Femme ou fille

10 mars 2014 222 commentaires

On m’a posé la question cette semaine. On m’a installée sur une chaise droite, on m’a dépoussiéré le sourire, branché une caméra avec le bon angle face à moi et on m’a demandé quand est-ce que j’étais devenue une femme.

J’ai levé les yeux au ciel, mordu ma lèvre d’en bas, gratté la nuque, baissé les yeux et relevé les yeux vers le ciel et j’ai pris 20 minutes pour répondre ceci.

Je suis née deuxième de quatre filles. Je portais les robes de ma grande sœur, j’usais son vieux vélo et je laissais des miettes pour les deux plus jeunes. J’ai été élevée comme une fille, avec des Barbies, des froufrous, et du rose, mais avec aussi beaucoup de bleu.

Malgré mes bonnes manières, mes rubans dans mes cheveux et mes bottes roses, je trainais du côté des garçons. J’ai toujours pensé qu’on m’avait séparée d’un frère jumeau parce que je m’entendais mieux avec les garçons qu’avec mes sœurs.
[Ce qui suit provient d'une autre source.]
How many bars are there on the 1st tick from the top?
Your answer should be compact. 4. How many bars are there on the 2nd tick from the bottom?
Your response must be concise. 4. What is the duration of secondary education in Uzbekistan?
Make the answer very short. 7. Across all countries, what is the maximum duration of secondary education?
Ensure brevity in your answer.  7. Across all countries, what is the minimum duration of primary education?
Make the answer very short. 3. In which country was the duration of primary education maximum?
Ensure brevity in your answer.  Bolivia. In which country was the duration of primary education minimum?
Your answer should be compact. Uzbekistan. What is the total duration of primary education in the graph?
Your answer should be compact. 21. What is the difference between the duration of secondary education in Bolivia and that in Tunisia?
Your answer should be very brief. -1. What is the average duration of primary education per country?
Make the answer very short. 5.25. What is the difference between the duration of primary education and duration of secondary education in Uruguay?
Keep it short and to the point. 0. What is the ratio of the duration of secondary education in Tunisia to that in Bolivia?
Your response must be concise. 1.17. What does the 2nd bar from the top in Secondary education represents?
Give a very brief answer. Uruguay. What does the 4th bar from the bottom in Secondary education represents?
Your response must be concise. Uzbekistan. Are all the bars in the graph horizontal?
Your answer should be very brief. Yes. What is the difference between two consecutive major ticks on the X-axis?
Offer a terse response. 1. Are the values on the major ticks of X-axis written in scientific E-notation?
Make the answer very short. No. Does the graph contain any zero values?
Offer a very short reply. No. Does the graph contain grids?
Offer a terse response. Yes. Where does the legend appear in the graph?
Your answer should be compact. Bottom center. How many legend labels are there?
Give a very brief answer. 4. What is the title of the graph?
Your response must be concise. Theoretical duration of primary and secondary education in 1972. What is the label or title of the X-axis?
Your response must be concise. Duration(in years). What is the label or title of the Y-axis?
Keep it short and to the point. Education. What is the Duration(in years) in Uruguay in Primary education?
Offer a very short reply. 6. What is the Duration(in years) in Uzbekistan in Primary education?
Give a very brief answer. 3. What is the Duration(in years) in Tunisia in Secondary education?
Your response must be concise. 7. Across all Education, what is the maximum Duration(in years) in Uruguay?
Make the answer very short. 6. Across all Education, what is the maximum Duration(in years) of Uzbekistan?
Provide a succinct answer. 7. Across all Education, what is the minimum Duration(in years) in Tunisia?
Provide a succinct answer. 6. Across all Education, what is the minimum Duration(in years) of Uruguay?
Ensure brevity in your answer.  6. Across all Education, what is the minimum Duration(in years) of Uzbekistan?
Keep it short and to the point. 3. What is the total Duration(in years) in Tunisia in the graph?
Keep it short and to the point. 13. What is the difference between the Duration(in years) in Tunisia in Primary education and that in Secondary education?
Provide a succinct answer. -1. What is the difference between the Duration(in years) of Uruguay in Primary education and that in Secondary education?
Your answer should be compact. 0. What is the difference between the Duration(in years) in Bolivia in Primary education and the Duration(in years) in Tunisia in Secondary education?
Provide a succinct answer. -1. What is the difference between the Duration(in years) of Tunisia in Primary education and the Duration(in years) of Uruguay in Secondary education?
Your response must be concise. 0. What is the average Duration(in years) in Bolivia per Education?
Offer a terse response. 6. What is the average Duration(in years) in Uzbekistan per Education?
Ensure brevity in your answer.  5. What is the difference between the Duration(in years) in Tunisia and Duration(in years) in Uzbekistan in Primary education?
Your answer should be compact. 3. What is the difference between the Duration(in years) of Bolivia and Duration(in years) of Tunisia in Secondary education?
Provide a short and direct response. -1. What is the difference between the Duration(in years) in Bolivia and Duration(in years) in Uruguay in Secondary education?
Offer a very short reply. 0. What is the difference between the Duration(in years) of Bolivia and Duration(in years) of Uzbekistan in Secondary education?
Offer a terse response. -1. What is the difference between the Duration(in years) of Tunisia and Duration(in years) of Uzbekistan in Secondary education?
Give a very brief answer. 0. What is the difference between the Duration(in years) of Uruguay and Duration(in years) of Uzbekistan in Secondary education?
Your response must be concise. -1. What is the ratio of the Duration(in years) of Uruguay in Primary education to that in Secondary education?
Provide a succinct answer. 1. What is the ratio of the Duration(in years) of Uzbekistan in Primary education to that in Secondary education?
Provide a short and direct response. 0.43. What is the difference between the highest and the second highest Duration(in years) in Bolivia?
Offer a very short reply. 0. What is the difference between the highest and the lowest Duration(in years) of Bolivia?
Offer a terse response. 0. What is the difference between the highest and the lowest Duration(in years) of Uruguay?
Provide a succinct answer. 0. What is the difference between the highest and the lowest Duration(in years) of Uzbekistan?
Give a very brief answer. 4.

Plus tard, j’ai grandi et j’ai continué de mettre toutes mes énergies pour lancer le ballon aussi fort que les garçons devenus pour leur part des « gars ». Je ne portais plus de bottes roses, mais des bottes à cap d’acier pour mieux me défendre, certains en gémissent encore. Je mettais sans hésiter les gants pour donner, mais surtout recevoir quelques bonnes droites au menton. J’étais une fille parmi les gars au grand désespoir de ma mère qui me disait tout le temps : « Tu devrais les laisser entre eux pour une fois. » Et parce qu’une bonne fille écoute sa mère, j’ai commencé à me faire de plus en plus d’amies de filles qui tombaient toutes amoureuses de mes amis de gars.

Puis, devenue adulte et sensible à la cause, je me suis fait raser les cheveux en soutien au cancer. J’ai beaucoup pensé aux femmes atteintes du cancer du sein qui en plus de perdre leurs cheveux lors des traitements perdait aussi un sein, parfois deux. On cherche alors à exprimer autrement sa féminité. Sans mes cheveux longs, j’ai ajouté du maquillage et des bijoux à mon style, ça n’a pas duré.

Mais la question reste : quand est-ce que j’ai commencé à être une femme?
J’ai commencé à être une femme quand j’ai commencé à faire des affaires que les femmes ne font pas d’habitude. C’est pourtant ce que j’ai toujours fait, mais une fois adulte, c’était différent. Ni femme d’un homme, ni mère de famille, ni même carriériste, j’ai quand même commencé à être une femme.

Je venais d’être élue conseillère municipale. J’avais encore aux pieds mes bottes à cap d’acier, plus par habitude que pour me défendre. Une place dans les instances décisionnelles pour une femme c’est plutôt remarquable, alors on vous le fait remarquer. Ma mère ne m’a jamais dit que je devrais les laisser entre eux pour une fois. Même si je n’ai jamais eu besoin de remettre les gants pour me battre pour ma place, j’ai eu l’impression de faire une différence dans ce combat.

Dans le fond, j’ai toujours été une femme, c’est juste que, avant, ça paraissait moins.